ATLANTIC CITY, N.J. - Donald Trump opened his Trump Taj Mahal casino 26 years ago, calling it "the eighth wonder of the world.''
But his friend and fellow billionaire Carl Icahn closed it Monday morning, making it the fifth casualty of Atlantic City's casino crisis.
The sprawling Boardwalk casino, with its soaring domes, minarets and towers built to mimic the famed Indian palace, shut its doors at 5:59 a.m., having failed to reach a deal with its union workers to restore health care and pension benefits that were taken away from them in bankruptcy court.
Donald Trump raises his fist in a salute as he presides over opening ceremonies of the opening of his Taj Mahal in Atlantic City in 1990. (Photo: Getty Images)
Nearly 3,000 workers are losing their jobs, bringing the total jobs lost by Atlantic City casino closings to 11,000 since 2014.
The union went on strike July 1, and Icahn decided to shut the place down a little over a month later, determining there was "no path to profitability.''
The Taj Mahal will thus become the fifth Atlantic City casino to go out of business since 2014, when four others, including Trump Plaza, shut their doors.

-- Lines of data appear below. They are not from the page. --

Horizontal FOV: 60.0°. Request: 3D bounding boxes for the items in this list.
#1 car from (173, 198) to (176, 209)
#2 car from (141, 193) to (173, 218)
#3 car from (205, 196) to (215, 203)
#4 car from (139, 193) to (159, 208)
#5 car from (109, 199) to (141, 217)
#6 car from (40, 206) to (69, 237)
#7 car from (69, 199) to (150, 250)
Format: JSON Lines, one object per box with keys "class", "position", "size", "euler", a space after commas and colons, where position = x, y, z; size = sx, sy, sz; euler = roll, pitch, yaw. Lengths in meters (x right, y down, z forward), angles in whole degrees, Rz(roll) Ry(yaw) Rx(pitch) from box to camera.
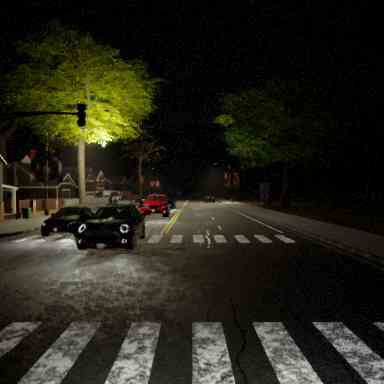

But this shutdown is different: it involves a casino built by the Republican nominee for president, who took time out from the campaign trail to lament its demise.
"I felt they should have been able to make a deal,'' Trump told The Associated Press in a recent interview. "It's hard to believe they weren't able to make a deal.''
The Trump Taj Mahal casino is illuminated at dusk in Atlantic City, New Jersey in 2014. (Photo: Mark Makela/Reuters)
Chuck Baker, a cook at the Taj Mahal since the day it opened in April 1990, promised to be on the picket line outside the casino at the moment it shuts down.
"I was here when these doors opened, and I'll be here when they close,'' he said. "This didn't have to happen. To (Icahn), it's all just business. But to us, it's destroying our livelihoods and our families. You take away our health care, our pensions and overload the workers, we just can't take it.''
Bob McDevitt, president of Local 54 of the Unite-HERE union, said virtually all of the striking workers feel the same way.
"Everybody has their Popeye moment: 'That's all I can stands; I can't stands no more,' '' he said. "The workers made a choice that they weren't going to accept benefits and terms of employment worse than everyone else's. I applaud them: for the first time in 30 years, workers stood up to Carl Icahn and made him throw in the towel.''
The union reached contracts on June 30 with four of the five casinos it had targeted for a possible strike -- including the Tropicana, which Icahn also owns. It granted negotiation extensions to three others: the Borgata, Resorts and the Golden Nugget. McDevitt said talks with the Borgata will begin this month, followed closely by the remaining two.
The Taj Mahal joins the Atlantic Club, Showboat, Trump Plaza and Revel in the growing club of Atlantic City casinos that since 2014 have succumbed to economic pressure brought about in large measure by competition from casinos in neighbouring states. The city now will have seven casinos left.